Recently, I have been doing some experiments to compare Python XgBoost and LightGBM. This LightGBM seems to be a new algorithm, according to which people say that it works better than XGBoost in both speed and accuracy.
This is a LightGBM GitHub . These are Python LightGBM Python API documents , here you will find python functions that you can call. It can be called directly from the LightGBM model, and it can also be called LightGBM scikit-learn.
This is the XGBoost Python API . I use. As you can see, it has a very similar data structure, such as the Python LightGBM API above.
Here is what I tried:
- If you use the
train() method in both XGBoost and LightGBM, yes, lightGBM is faster and more accurate.
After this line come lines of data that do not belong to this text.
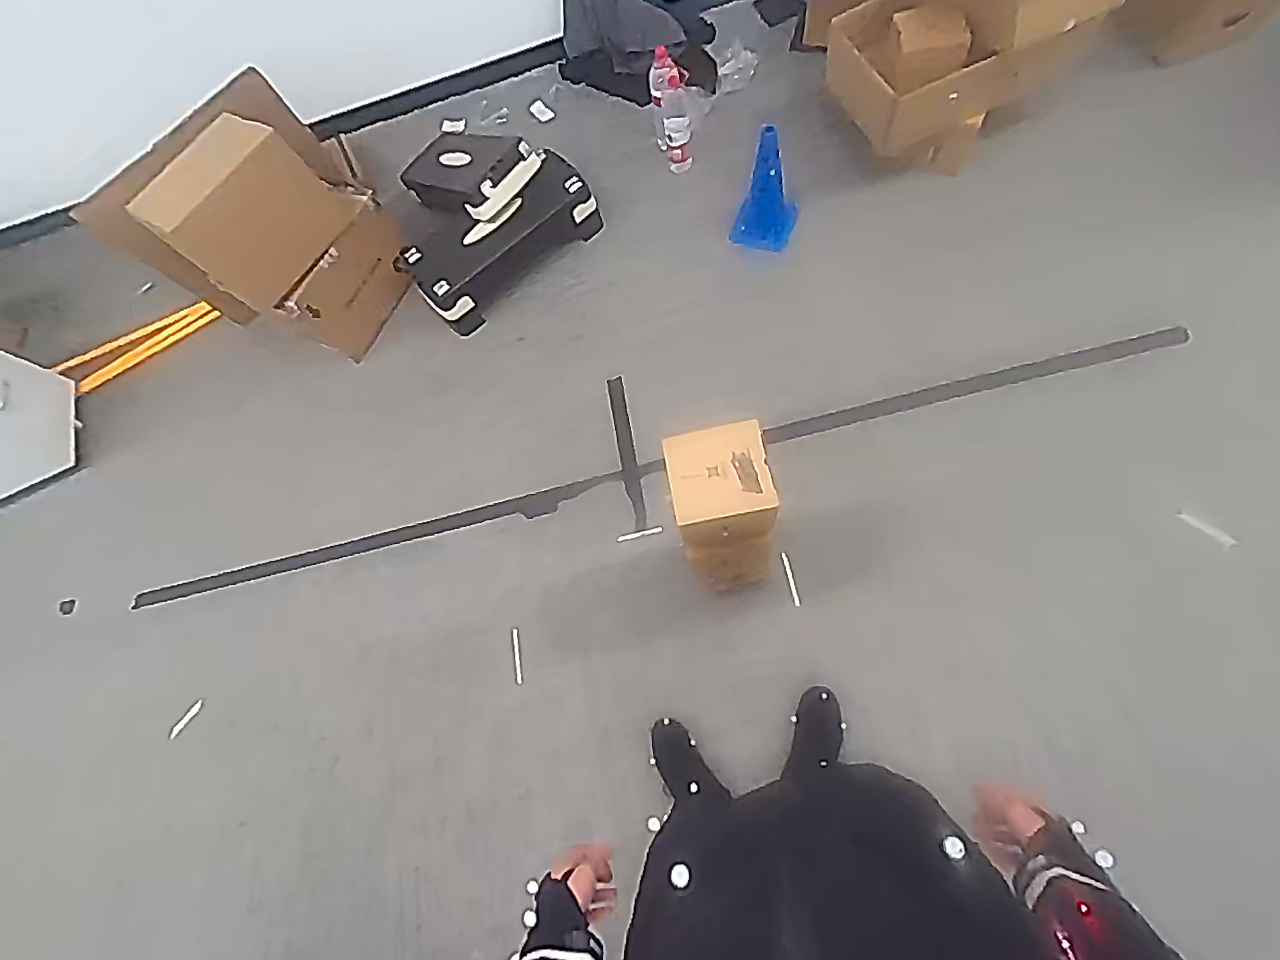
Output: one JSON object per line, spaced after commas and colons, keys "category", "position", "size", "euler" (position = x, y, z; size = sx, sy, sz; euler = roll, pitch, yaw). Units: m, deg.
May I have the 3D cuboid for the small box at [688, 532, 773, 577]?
{"category": "small box", "position": [0.176, 0.095, 1.147], "size": [0.168, 0.176, 0.179], "euler": [-13, 70, 6]}

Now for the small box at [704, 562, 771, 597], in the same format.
{"category": "small box", "position": [0.242, 0.203, 1.449], "size": [0.168, 0.176, 0.179], "euler": [-17, 70, 5]}

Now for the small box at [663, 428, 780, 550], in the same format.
{"category": "small box", "position": [0.149, 0.024, 1.000], "size": [0.179, 0.176, 0.168], "euler": [-12, 69, 7]}

But this method has no cross validation. - If you try to use the
cv() method in both algorithms, then for cross-validation. However, I did not find a way to use it, returning a set of optimal parameters. - if you try scikit-learn
GridSearchCV() with LGBMClassifier and XGBClassifer. It works for XGBClassifer, but for LGBClassifier it works forever.
Here are my code examples when using GridSearchCV() with both classifiers:
XGBClassifier with GridSearchCV
param_set = { 'n_estimators':[50, 100, 500, 1000] } gsearch = GridSearchCV(estimator = XGBClassifier( learning_rate =0.1, n_estimators=100, max_depth=5, min_child_weight=1, gamma=0, subsample=0.8, colsample_bytree=0.8, nthread=7, objective= 'binary:logistic', scale_pos_weight=1, seed=410), param_grid = param_set, scoring='roc_auc',n_jobs=7,iid=False, cv=10) xgb_model2 = gsearch.fit(features_train, label_train) xgb_model2.grid_scores_, xgb_model2.best_params_, xgb_model2.best_score_
This works very well for XGBoost and only a few seconds.
LightGBM with GridSearchCV
param_set = { 'n_estimators':[20, 50] } gsearch = GridSearchCV(estimator = LGBMClassifier( boosting_type='gbdt', num_leaves=30, max_depth=5, learning_rate=0.1, n_estimators=50, max_bin=225, subsample_for_bin=0.8, objective=None, min_split_gain=0, min_child_weight=5, min_child_samples=10, subsample=1, subsample_freq=1, colsample_bytree=1, reg_alpha=1, reg_lambda=0, seed=410, nthread=7, silent=True), param_grid = param_set, scoring='roc_auc',n_jobs=7,iid=False, cv=10) lgb_model2 = gsearch.fit(features_train, label_train) lgb_model2.grid_scores_, lgb_model2.best_params_, lgb_model2.best_score_
However, using this method for LightGBM, it works all morning today, until nothing is generated.
I use the same dataset, the dataset contains 30,000 records.
I have 2 questions:
- If we just use the
cv() method, do we still need to configure the optimal set of parameters? - Do you know why
GridSearchCV() does not work with LightGBM? I wonder if this only happens to me, what happened to others?